*Data segment*:
▼▼▼
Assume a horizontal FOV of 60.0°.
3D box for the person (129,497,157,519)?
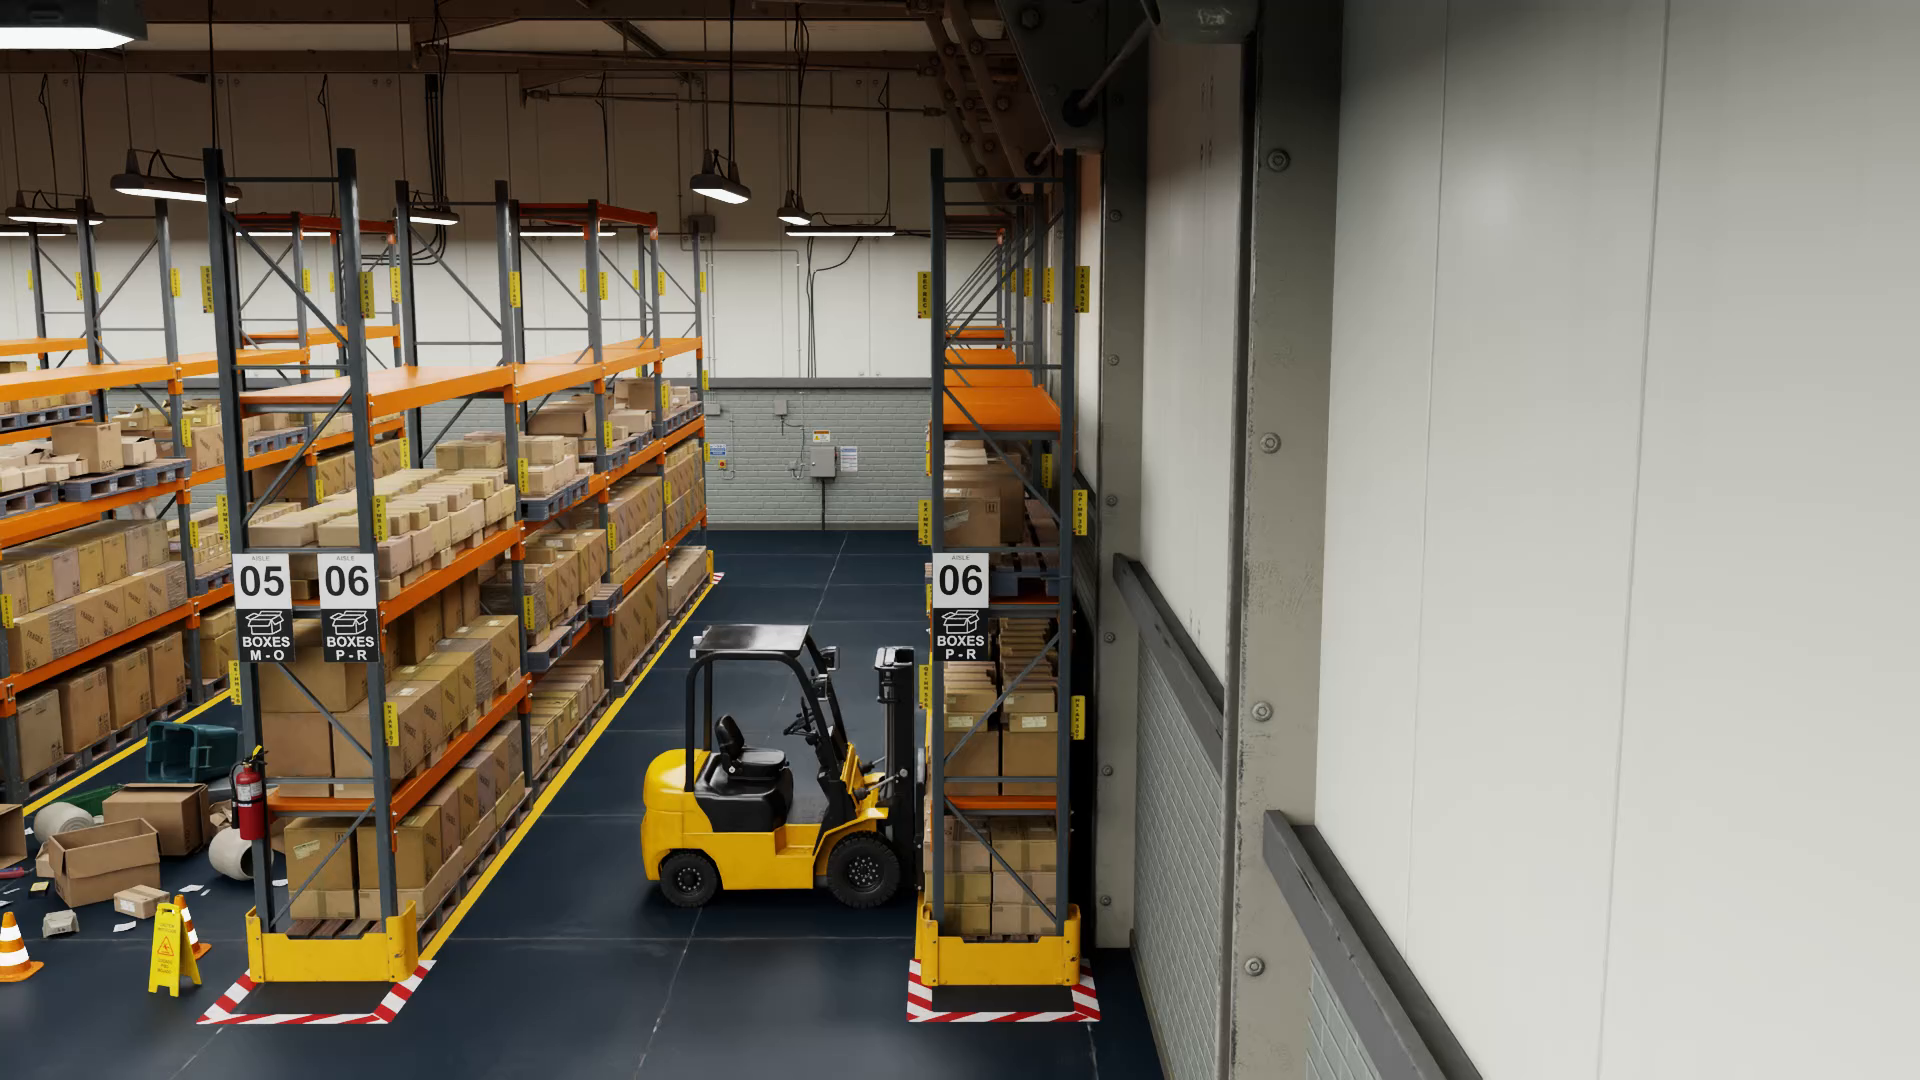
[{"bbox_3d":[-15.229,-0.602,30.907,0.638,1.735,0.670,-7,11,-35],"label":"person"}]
▲▲▲
*Activity*:
Minus its pictures, the full listing should be copied verbatim.

*Solved exercise*:
Assume a horizontal FOV of 60.0°.
3D box for the person (129,497,157,519)?
[{"bbox_3d":[-15.229,-0.602,30.907,0.638,1.735,0.670,-7,11,-35],"label":"person"}]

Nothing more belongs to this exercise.